La pubblicazione, che in ogni uscita si occupa di una specifica area della biologia, ha appunto dedicato l’intero numero 1892 all’influenza dell’inquinamento luminoso sull’ambiente (“Light pollution in complex ecological systems”).

Questa forma di contaminazione è dovuta alle fonti di luce artificiale connesse alle attività umane e alla luce solare riflessa dai satelliti e dai detriti spaziali. Tale inquinamento comporta numerosi problemi alle attività scientifiche degli osservatori astronomici e, alterando i cicli naturali di avvicendamento tra ore di luce e di buio, influisce negativamente sugli organismi animali e vegetali che popolano diversi tipi di ecosistemi, compresi quelli marini e quelli del suolo.

La monografia curata dalla Royal Society indaga l’ecologia dell’inquinamento luminoso, analizzando vari ambienti e tipologie di organismi per chiarire meglio le connessioni tra questo fenomeno, le attività umane e l’equilibrio ecologico. Lo scopo della pubblicazione è di approfondire le varie sfaccettature dell’inquinamento luminoso in rapporto all’equilibrio ambientale, insidiato da un’illuminazione sempre più diffusa e in crescita.

Tra gli studiosi che hanno partecipato alla monografia, vi è anche il ricercatore italiano Fabio Falchi (Università di Santiago di Compostela e Istituto di Scienza e Istituto Superiore Fermi, Mantova); Falchi è autore – insieme a Salvador Barà (medesima università) – del primo articolo della raccolta, “Artificial light at night: a global disruptor of the night-time environment”.

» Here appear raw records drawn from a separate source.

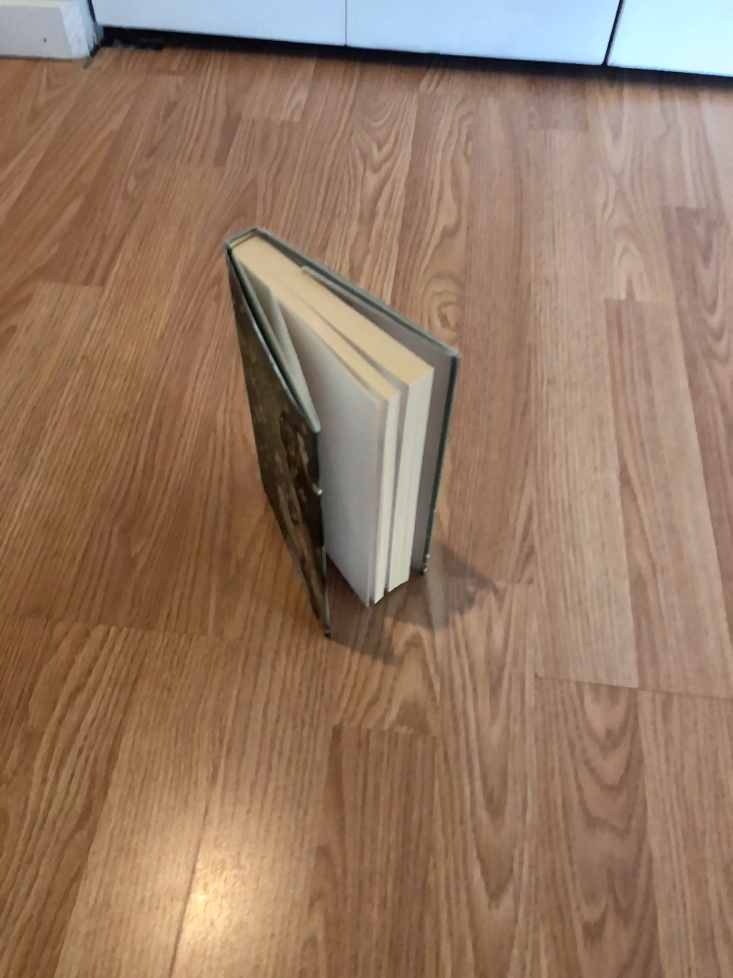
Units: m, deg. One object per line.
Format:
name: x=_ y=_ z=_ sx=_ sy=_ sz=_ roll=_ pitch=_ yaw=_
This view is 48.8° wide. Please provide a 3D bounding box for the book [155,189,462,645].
book: x=-0.033 y=-0.031 z=0.481 sx=0.080 sy=0.220 sz=0.150 roll=-30 pitch=61 yaw=-19
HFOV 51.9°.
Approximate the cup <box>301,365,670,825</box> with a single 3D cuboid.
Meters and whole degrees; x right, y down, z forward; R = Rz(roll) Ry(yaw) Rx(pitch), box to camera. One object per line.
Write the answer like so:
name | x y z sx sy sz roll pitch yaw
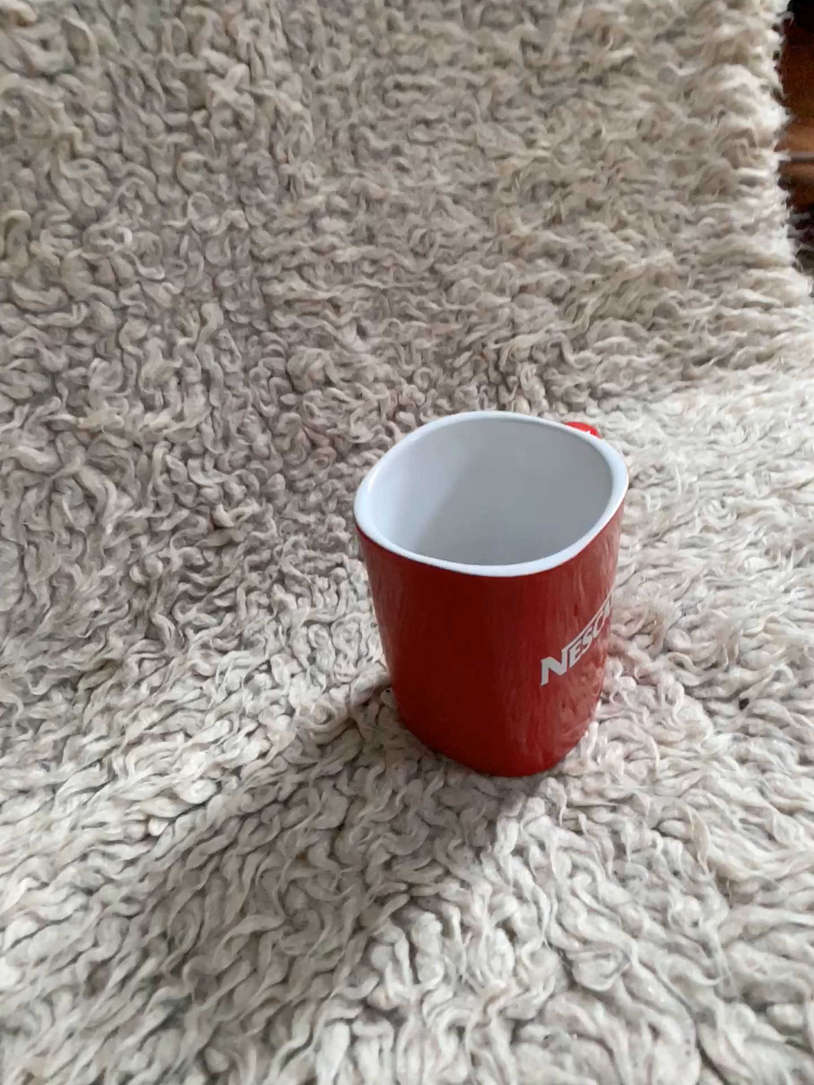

Il paper, dopo una sezione introduttiva, esamina gli aspetti principali della luce artificiale come elemento inquinante: tra di essi figurano, ad esempio, il carattere, la grandezza, l’estensione e la sua distribuzione a livello globale. Sono presi in considerazione anche le tendenze nel cambiamento temporale e spettrale della luce, i legami con le sue attuali tecnologie di produzione e infine i principali usi sociali. Gli effetti negativi dell’inquinamento luminoso non sono limitati a determinate zone, ma producono un disturbo globale dell’ambiente notturno.

«Dobbiamo cominciare a trattare l’inquinamento luminoso come gli altri inquinamenti. La luce artificiale di notte è, a tutti gli effetti, un inquinante e come tale va limitato, introducendo dei limiti massimi ammissibili da non superare – ha dichiarato Falchi – I margini per tornare ad avere una notte più sostenibile ci sono e sono molto grandi, visti gli enormi sprechi che si hanno oggigiorno (anzi, notte). Per preservare la biodiversità nel nostro pianeta, un ulteriore e fondamentale aspetto da considerare è la luce artificiale».

In alto: infografica che rappresenta l’impatto dell’inquinamento luminoso in diversi contesti, dalla città alla foresta (Crediti: NoirLab/Nsf/Aura, P. Marenfeld)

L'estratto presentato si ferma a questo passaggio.